Sen. Justin D. Ready, Carroll Republican, offered an amendment to restore a Hogan provision in the original budget to give $53.5 million to local governments for highway funding. The committee instead put that money into state projects.
Sen. Robert G. Cassilly, Harford Republican, sought to remove language to allow women at risk of mental health problems to seek an abortion, arguing that the state should not be in the business of funding abortions.
The budget faced few objections, though state Sen.

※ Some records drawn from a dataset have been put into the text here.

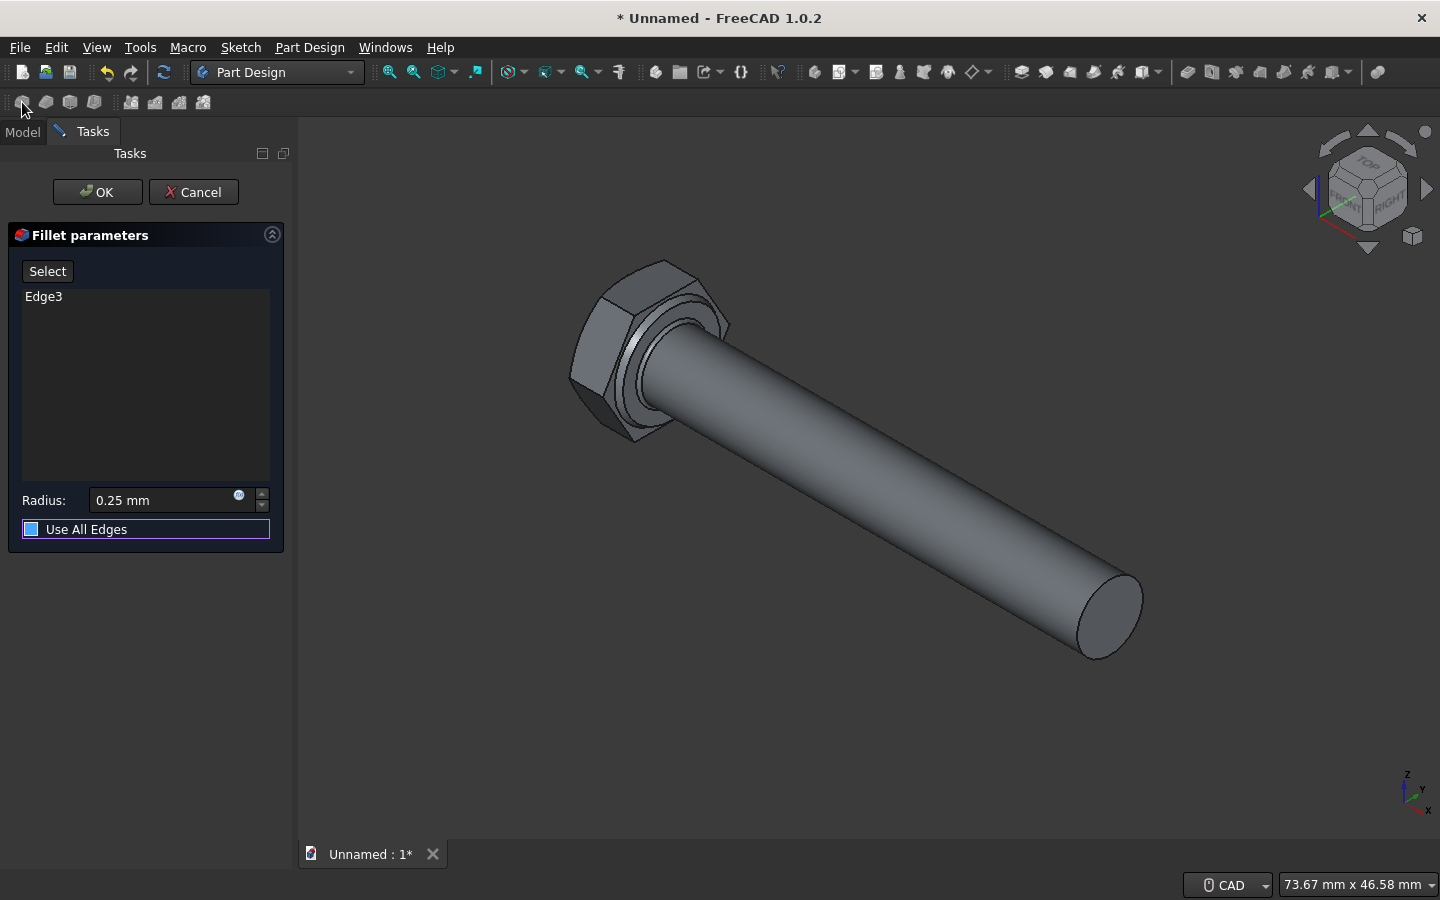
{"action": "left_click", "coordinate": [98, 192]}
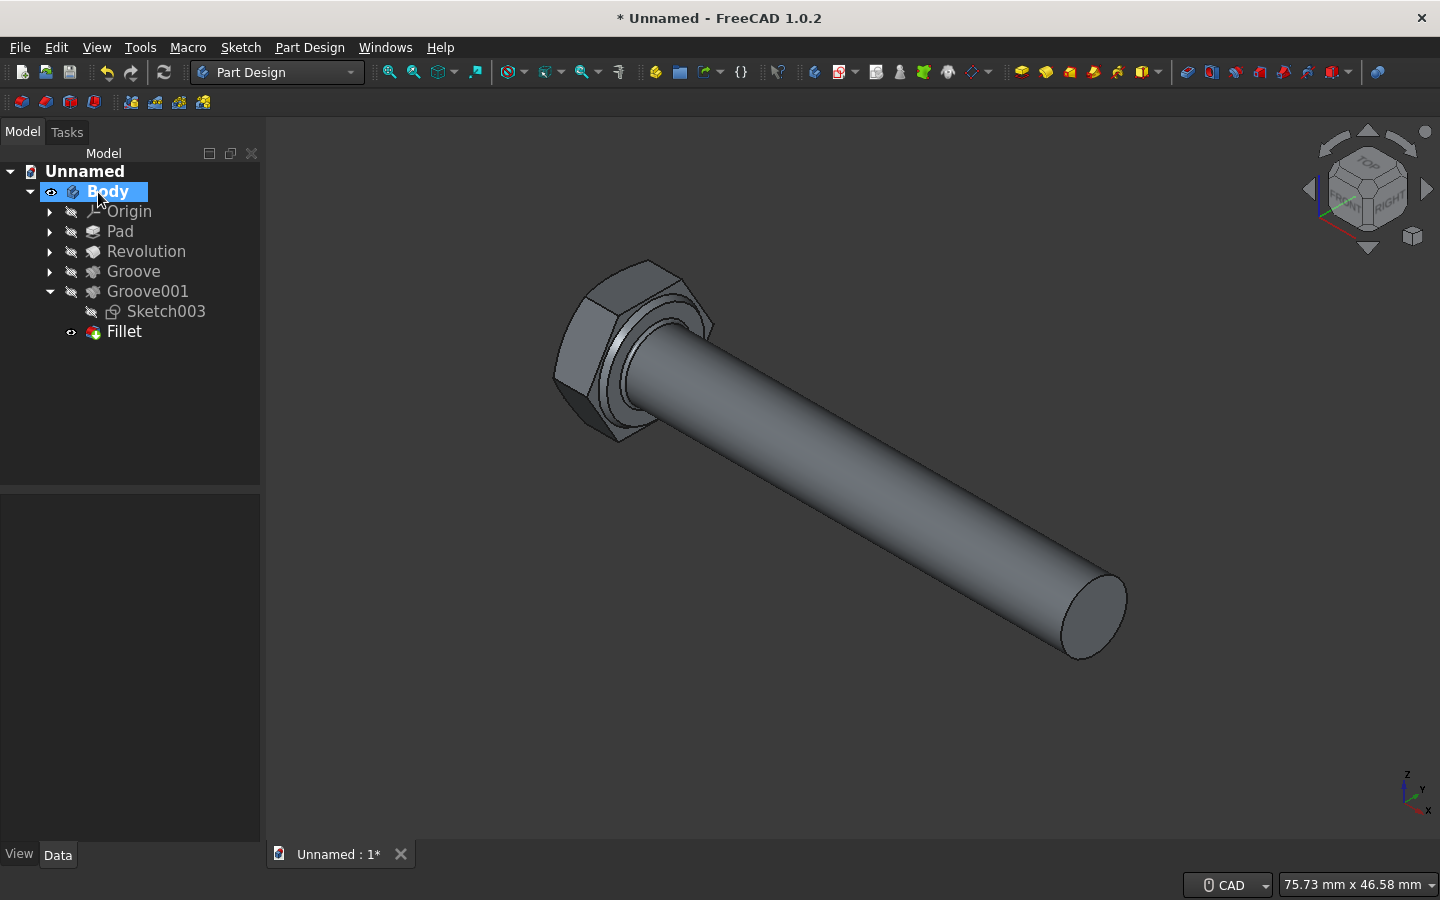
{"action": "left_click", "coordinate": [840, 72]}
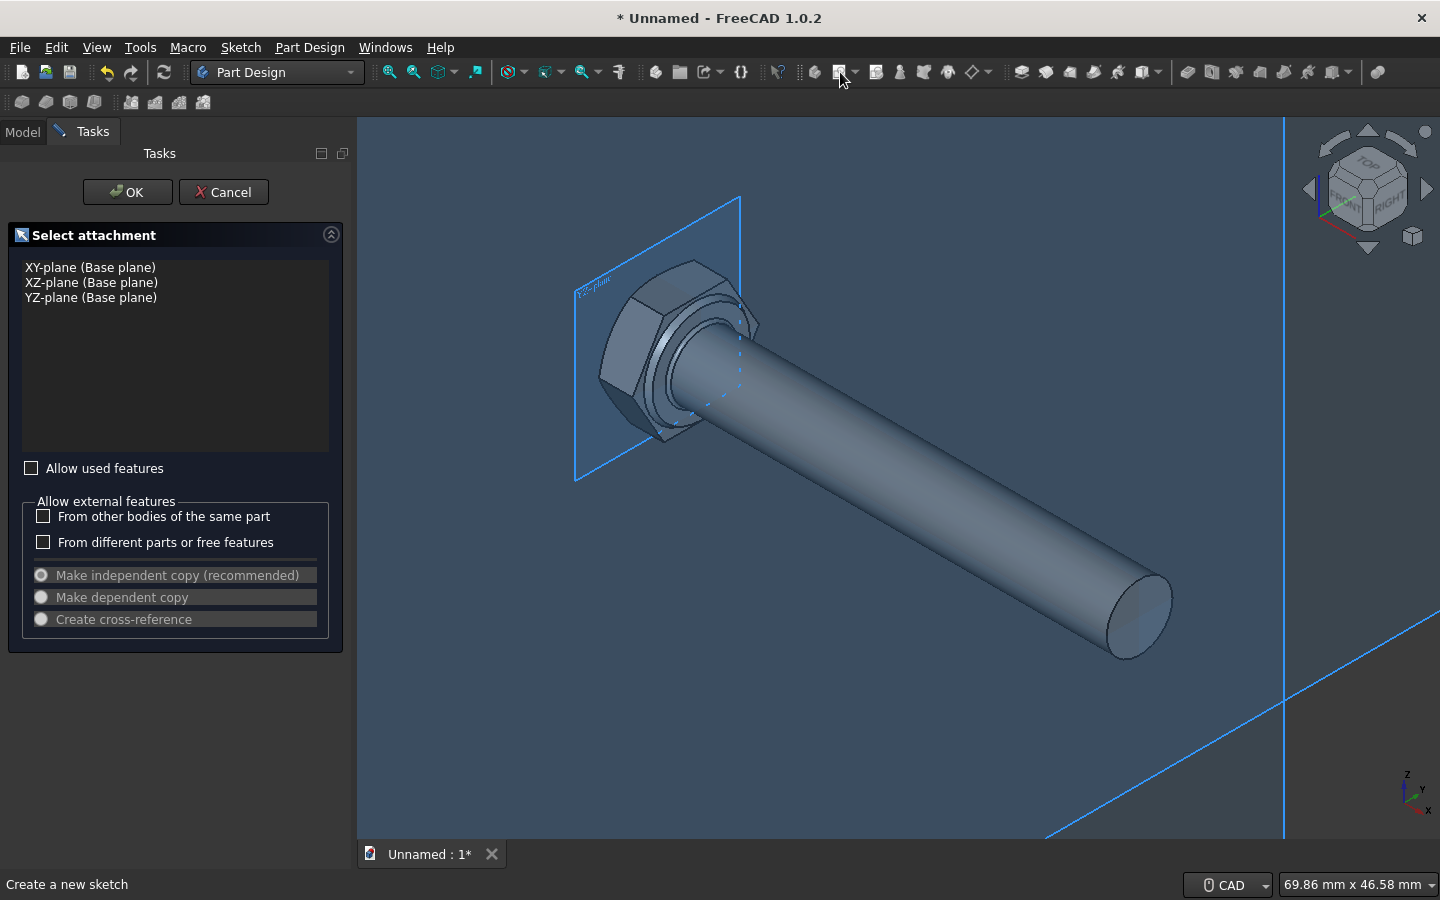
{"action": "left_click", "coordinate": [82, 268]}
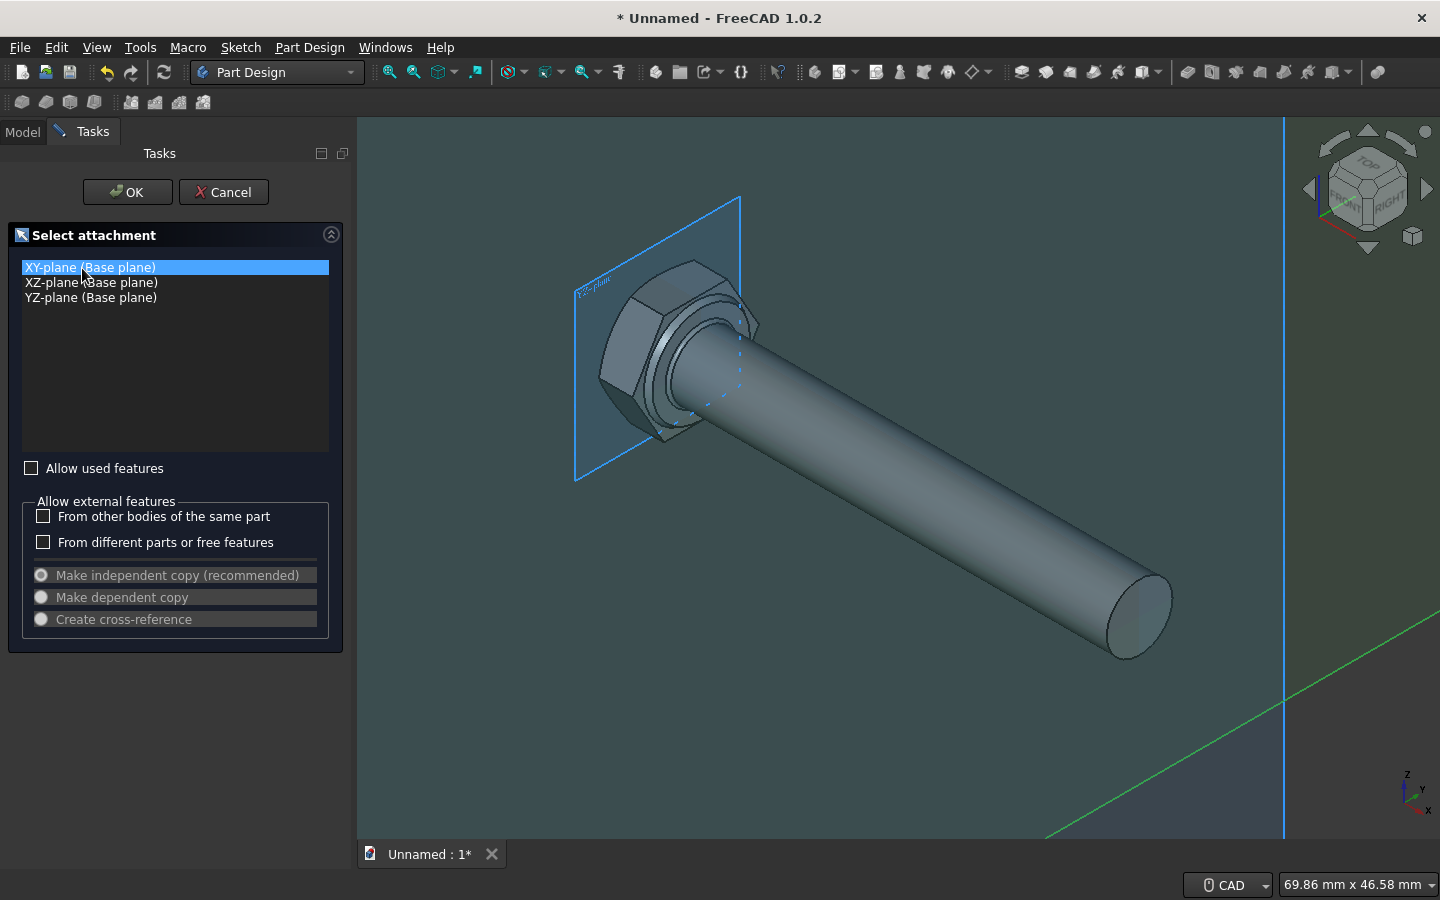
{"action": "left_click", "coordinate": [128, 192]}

Joan Carter Conway, Baltimore Democrat, said she was “majorly concerned” about a committee amendment to give Baltimore schools only $10 million if the city matches that amount, wondering if the city would be able to match it.
Senate President Thomas V. Mike Miller, Calvert Democrat, said that Democratic leaders have agreed to a legislative package that will “wow” her and give Baltimore greater attention in the budget.
The package of nine bills in the “wow” package, which will cost roughly $290 million, includes proposals to keep Baltimore libraries open 12 hours a day all week, fund afterschool and summer programs for children and incentivize “anchor institutions” like universities to open campuses and revitalize blighted neighborhoods.
“It’s a step forward to make a great city greater,” Mr. Miller said, arguing that the state can afford it. The state has a roughly $400 million surplus this year.
One of the more highly touted bills would fund full college scholarships to low-income students who sign up for the program in eighth grade, so long as they meet certain requirements such as maintaining at least a 2.5 GPA and not using drugs.
Other proposals include pushing forward on a demolition and redevelopment plan in Baltimore, initially introduced by Mr. Hogan, and put more than $12 million a year in incentive grants to lure businesses to ramshackle areas of the city.
Mr. Miller also mentioned millions in funding to help the city build new parks.
House Speaker Michael E. Busch, Anne Arundel Democrat, said the bills would bring stability and structure to Baltimore following April’s unrest.
“It’s an opportunity to show the country, if you will, that you can have a renaissance in these urban communities that seem to have fallen on hard times,” Mr. Busch said. “Baltimore can be an example of how to create a renaissance and a rebirth of your urban areas.”
The bills are not part of a new Democratic initiative: Three of the bills in the so-called Baltimore package have already passed through the House, and the remaining six are likely to make it through the chamber before Monday’s crossover deadline.
Hogan spokesman Matthew A. Clark said the governor supports such ideas but is not eager for the legislature to mandate spending to pay for the programs.
Mr. Busch said most of the programs with mandates would be funded for only five years, at which point the legislature could opt out of mandating it again — but Baltimore deserves the state’s help.
“Baltimore is still the mother city,” he said. “It supported the rest of the state for well over a century.”
Mr. Clark said Baltimore receives a disproportionate amount of the state’s aid already.
“Currently, Baltimore city receives a fifth of all local aid in the state budget, a third of the state’s capital budget and is a beneficiary of 62 percent of state transportation grants to local government,” he said.